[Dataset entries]
---*---

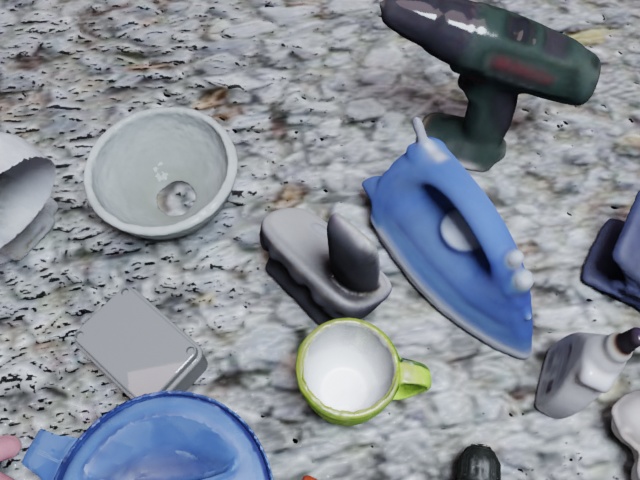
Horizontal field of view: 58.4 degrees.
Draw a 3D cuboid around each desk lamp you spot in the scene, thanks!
[{"bbox_3d":[-0.352,-0.055,0.568,0.203,0.213,0.118,32,68,14],"label":"desk lamp"}]

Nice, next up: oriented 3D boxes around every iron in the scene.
[{"bbox_3d":[0.153,-0.004,0.591,0.119,0.141,0.258,-29,68,-14],"label":"iron"}]

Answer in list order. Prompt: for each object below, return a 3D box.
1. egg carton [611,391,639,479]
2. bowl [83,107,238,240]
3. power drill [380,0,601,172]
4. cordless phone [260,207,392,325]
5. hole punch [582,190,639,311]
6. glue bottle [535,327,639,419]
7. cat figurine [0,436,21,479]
[{"bbox_3d":[0.359,0.188,0.542,0.150,0.069,0.107,-10,65,-6],"label":"egg carton"},{"bbox_3d":[-0.173,-0.065,0.653,0.167,0.075,0.167,0,64,-1],"label":"bowl"},{"bbox_3d":[0.169,-0.168,0.633,0.229,0.208,0.075,11,65,5],"label":"power drill"},{"bbox_3d":[0.005,0.002,0.562,0.147,0.185,0.094,39,70,17],"label":"cordless phone"},{"bbox_3d":[0.356,0.013,0.614,0.101,0.091,0.109,29,67,13],"label":"hole punch"},{"bbox_3d":[0.246,0.112,0.519,0.037,0.173,0.078,22,66,10],"label":"glue bottle"},{"bbox_3d":[-0.348,0.206,0.496,0.128,0.118,0.067,-13,65,-7],"label":"cat figurine"}]
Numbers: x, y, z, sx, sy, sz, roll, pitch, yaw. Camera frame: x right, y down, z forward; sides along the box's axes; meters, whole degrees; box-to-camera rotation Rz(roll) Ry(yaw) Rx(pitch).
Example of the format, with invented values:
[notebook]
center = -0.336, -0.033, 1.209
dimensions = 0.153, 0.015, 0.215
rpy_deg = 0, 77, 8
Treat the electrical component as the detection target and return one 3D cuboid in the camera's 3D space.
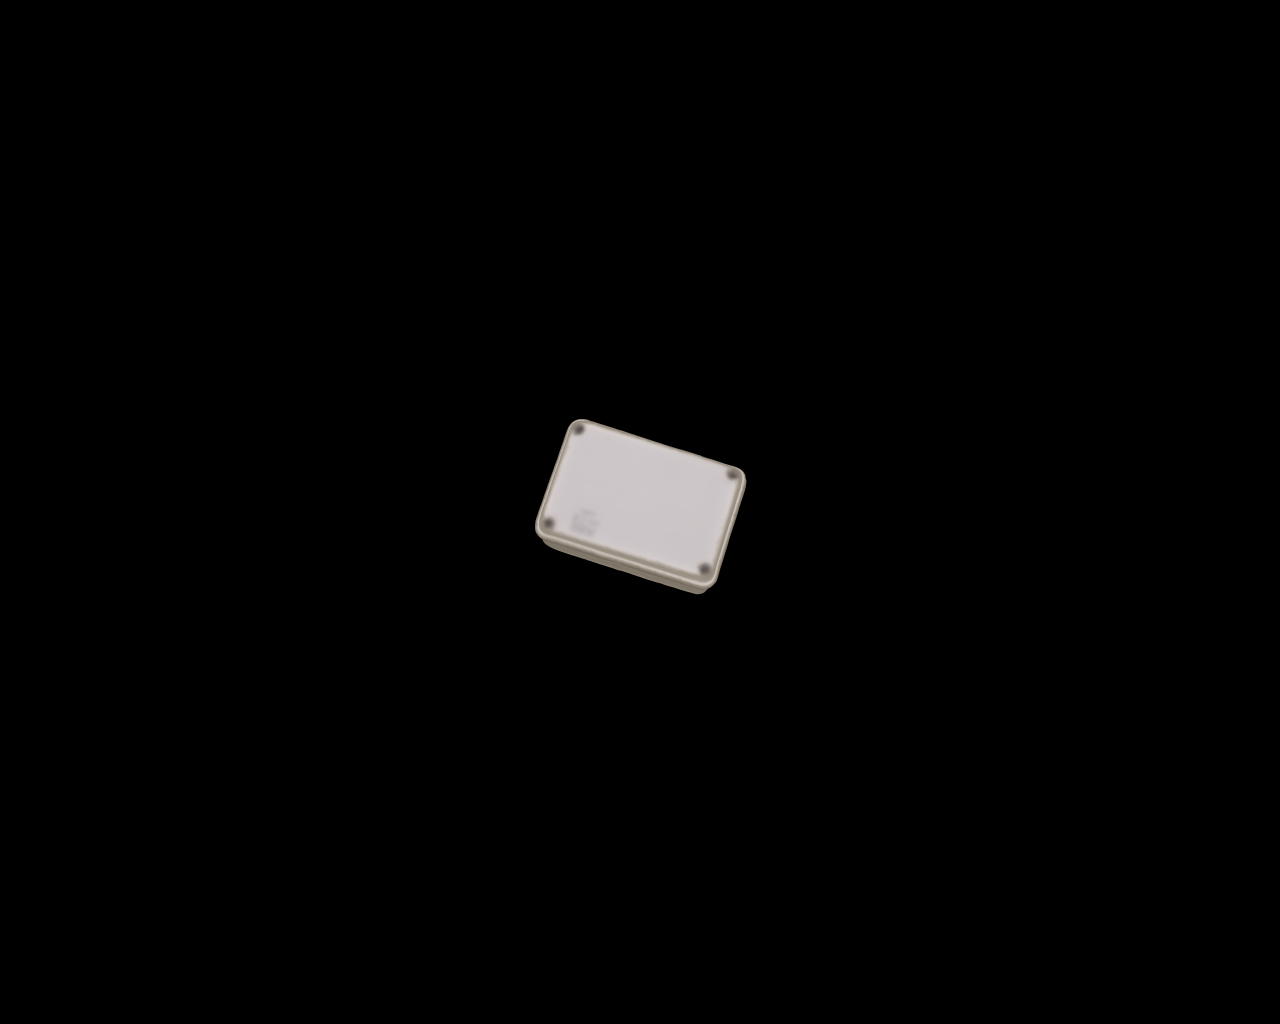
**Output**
[electrical component]
center = 0.001, -0.003, 0.650
dimensions = 0.113, 0.078, 0.057
rpy_deg = 18, -11, 4
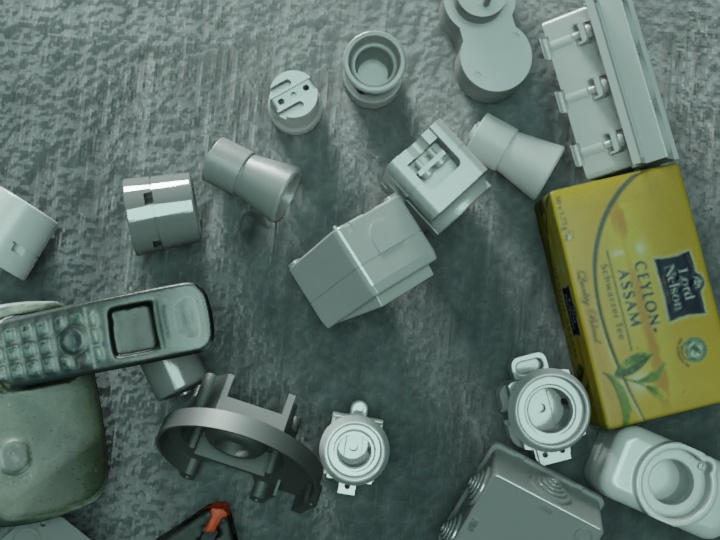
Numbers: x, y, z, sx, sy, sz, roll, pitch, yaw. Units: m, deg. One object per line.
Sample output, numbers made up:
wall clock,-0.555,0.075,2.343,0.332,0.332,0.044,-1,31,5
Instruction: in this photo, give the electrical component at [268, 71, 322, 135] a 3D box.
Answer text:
electrical component,-0.047,-0.121,0.776,0.040,0.046,0.040,0,85,-2

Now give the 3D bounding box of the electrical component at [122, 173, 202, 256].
electrical component,-0.140,-0.041,0.764,0.047,0.055,0.055,-10,86,-6

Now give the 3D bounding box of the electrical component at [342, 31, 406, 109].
electrical component,0.010,-0.143,0.775,0.045,0.055,0.045,0,85,-1

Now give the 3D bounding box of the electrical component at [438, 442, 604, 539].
electrical component,0.110,0.182,0.742,0.100,0.048,0.099,28,107,0

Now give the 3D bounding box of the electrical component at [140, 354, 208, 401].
electrical component,-0.139,0.056,0.762,0.040,0.040,0.078,-26,87,-4

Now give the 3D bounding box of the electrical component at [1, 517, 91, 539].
electrical component,-0.213,0.211,0.726,0.080,0.051,0.080,5,44,-5

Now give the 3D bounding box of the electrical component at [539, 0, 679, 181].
electrical component,0.178,-0.129,0.772,0.063,0.079,0.121,-17,86,26

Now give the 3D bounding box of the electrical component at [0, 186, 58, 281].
electrical component,-0.248,-0.027,0.759,0.055,0.055,0.047,32,82,1

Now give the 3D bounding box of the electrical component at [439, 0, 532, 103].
electrical component,0.086,-0.194,0.773,0.052,0.073,0.138,-16,86,-3

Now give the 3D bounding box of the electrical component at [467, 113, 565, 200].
electrical component,0.110,-0.085,0.782,0.065,0.044,0.044,30,85,6

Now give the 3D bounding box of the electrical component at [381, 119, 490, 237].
electrical component,0.053,-0.061,0.753,0.050,0.089,0.055,-42,88,-4

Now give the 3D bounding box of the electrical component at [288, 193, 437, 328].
electrical component,0.000,0.000,0.748,0.062,0.096,0.061,-30,87,-33

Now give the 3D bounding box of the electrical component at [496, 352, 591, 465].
electrical component,0.130,0.098,0.759,0.058,0.057,0.078,-14,86,-3

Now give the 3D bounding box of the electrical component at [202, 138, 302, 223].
electrical component,-0.080,-0.067,0.774,0.065,0.044,0.044,27,85,5

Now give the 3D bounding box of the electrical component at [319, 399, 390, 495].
electrical component,-0.004,0.125,0.753,0.048,0.055,0.066,9,85,-1

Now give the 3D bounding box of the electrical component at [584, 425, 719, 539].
electrical component,0.214,0.147,0.756,0.095,0.059,0.053,23,85,0
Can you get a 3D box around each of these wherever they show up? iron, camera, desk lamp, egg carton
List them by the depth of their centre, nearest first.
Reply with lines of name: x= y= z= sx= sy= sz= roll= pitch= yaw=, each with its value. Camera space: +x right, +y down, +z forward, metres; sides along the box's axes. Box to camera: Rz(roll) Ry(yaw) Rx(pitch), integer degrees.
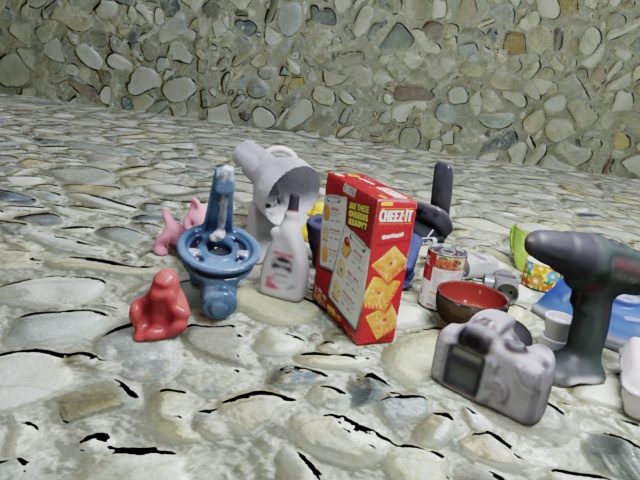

---*---

→ Aim of the task
Write out exactly the lines above, from the very first through the line containing "Treat the electrical", both kept, with the pictures removed.

→ Final answer
Horizontal field of view: 58.4 degrees.
Draw a 3D cuboid around each desk lamp you spot in the scene, thanks!
[{"bbox_3d":[-0.352,-0.055,0.568,0.203,0.213,0.118,32,68,14],"label":"desk lamp"}]

Nice, next up: oriented 3D boxes around every iron in the scene.
[{"bbox_3d":[0.153,-0.004,0.591,0.119,0.141,0.258,-29,68,-14],"label":"iron"}]

Answer in list order. Prompt: for each object below, return a 3D box.
1. egg carton [611,391,639,479]
2. bowl [83,107,238,240]
3. power drill [380,0,601,172]
4. cordless phone [260,207,392,325]
5. hole punch [582,190,639,311]
6. glue bottle [535,327,639,419]
7. cat figurine [0,436,21,479]
[{"bbox_3d":[0.359,0.188,0.542,0.150,0.069,0.107,-10,65,-6],"label":"egg carton"},{"bbox_3d":[-0.173,-0.065,0.653,0.167,0.075,0.167,0,64,-1],"label":"bowl"},{"bbox_3d":[0.169,-0.168,0.633,0.229,0.208,0.075,11,65,5],"label":"power drill"},{"bbox_3d":[0.005,0.002,0.562,0.147,0.185,0.094,39,70,17],"label":"cordless phone"},{"bbox_3d":[0.356,0.013,0.614,0.101,0.091,0.109,29,67,13],"label":"hole punch"},{"bbox_3d":[0.246,0.112,0.519,0.037,0.173,0.078,22,66,10],"label":"glue bottle"},{"bbox_3d":[-0.348,0.206,0.496,0.128,0.118,0.067,-13,65,-7],"label":"cat figurine"}]
Numbers: x, y, z, sx, sy, sz, roll, pitch, yaw. Camera frame: x right, y down, z forward; sides along the box's axes; meters, whole degrees; box-to-camera rotation Rz(roll) Ry(yaw) Rx(pitch).
Example of the format, with invented values:
[notebook]
center = -0.336, -0.033, 1.209
dimensions = 0.153, 0.015, 0.215
rpy_deg = 0, 77, 8
Treat the electrical component as the detection target and return one 3D cuboid in the camera's 3D space.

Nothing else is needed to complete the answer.